***** ENTRIES SUPPLIED
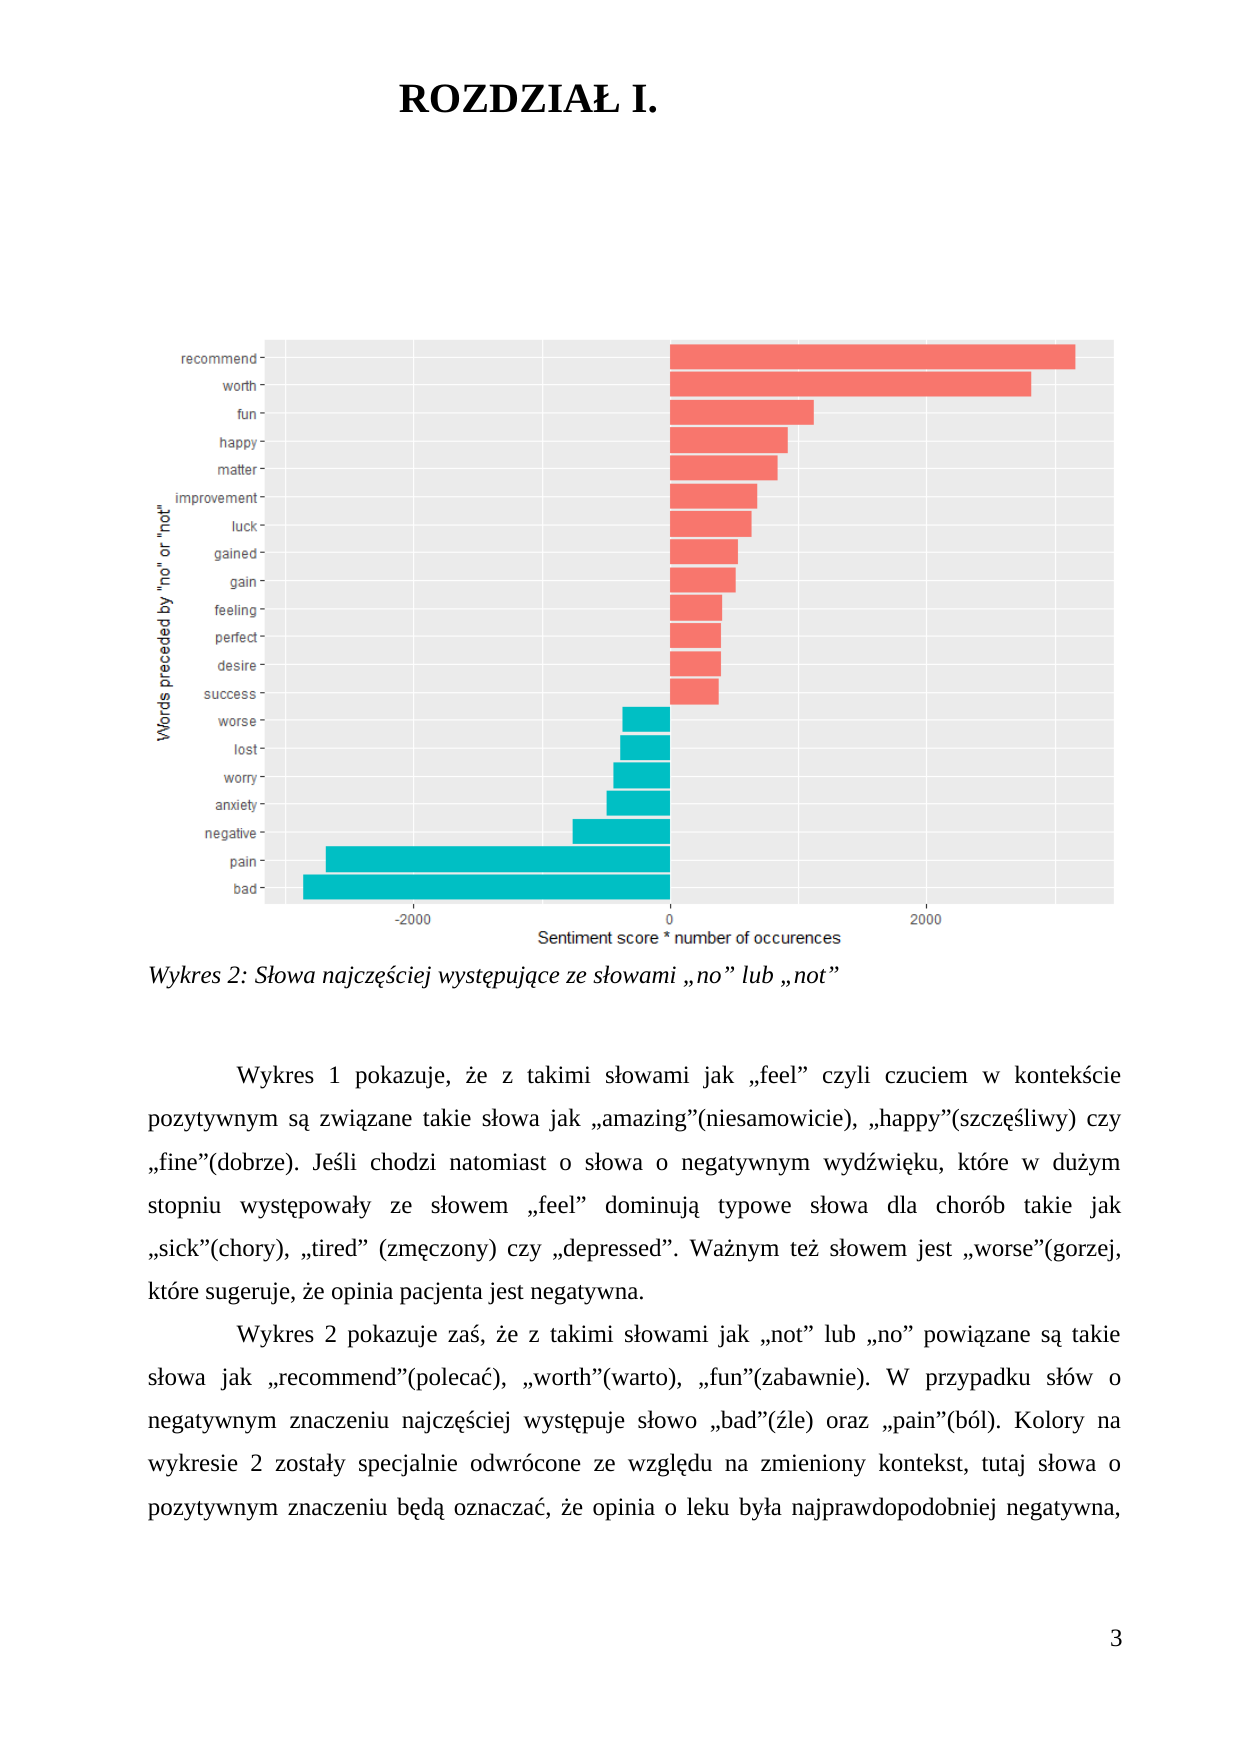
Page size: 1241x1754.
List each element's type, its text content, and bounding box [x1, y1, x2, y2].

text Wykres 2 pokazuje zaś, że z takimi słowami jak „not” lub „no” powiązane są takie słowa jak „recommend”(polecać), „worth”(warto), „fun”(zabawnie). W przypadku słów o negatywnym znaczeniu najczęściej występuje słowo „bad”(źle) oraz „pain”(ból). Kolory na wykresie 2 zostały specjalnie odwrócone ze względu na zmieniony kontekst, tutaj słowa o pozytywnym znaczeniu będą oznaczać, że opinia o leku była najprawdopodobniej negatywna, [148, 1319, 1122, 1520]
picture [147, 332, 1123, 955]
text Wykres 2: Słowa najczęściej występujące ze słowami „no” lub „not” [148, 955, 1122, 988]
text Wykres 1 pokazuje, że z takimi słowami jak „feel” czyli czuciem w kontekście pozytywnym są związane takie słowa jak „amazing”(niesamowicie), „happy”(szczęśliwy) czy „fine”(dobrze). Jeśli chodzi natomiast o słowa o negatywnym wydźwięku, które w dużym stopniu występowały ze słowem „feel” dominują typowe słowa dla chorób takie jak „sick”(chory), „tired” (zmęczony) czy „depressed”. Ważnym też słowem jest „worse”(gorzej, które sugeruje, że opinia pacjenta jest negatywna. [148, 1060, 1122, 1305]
**********
> TASK TO COMPLETE
Begin with the line holding "picture [147, 332, 1123, 955]" and end with the last line of the material. Copy all of them exactly.

> TASK ANSWER
picture [147, 332, 1123, 955]
text Wykres 2: Słowa najczęściej występujące ze słowami „no” lub „not” [148, 955, 1122, 988]
text Wykres 1 pokazuje, że z takimi słowami jak „feel” czyli czuciem w kontekście pozytywnym są związane takie słowa jak „amazing”(niesamowicie), „happy”(szczęśliwy) czy „fine”(dobrze). Jeśli chodzi natomiast o słowa o negatywnym wydźwięku, które w dużym stopniu występowały ze słowem „feel” dominują typowe słowa dla chorób takie jak „sick”(chory), „tired” (zmęczony) czy „depressed”. Ważnym też słowem jest „worse”(gorzej, które sugeruje, że opinia pacjenta jest negatywna. [148, 1060, 1122, 1305]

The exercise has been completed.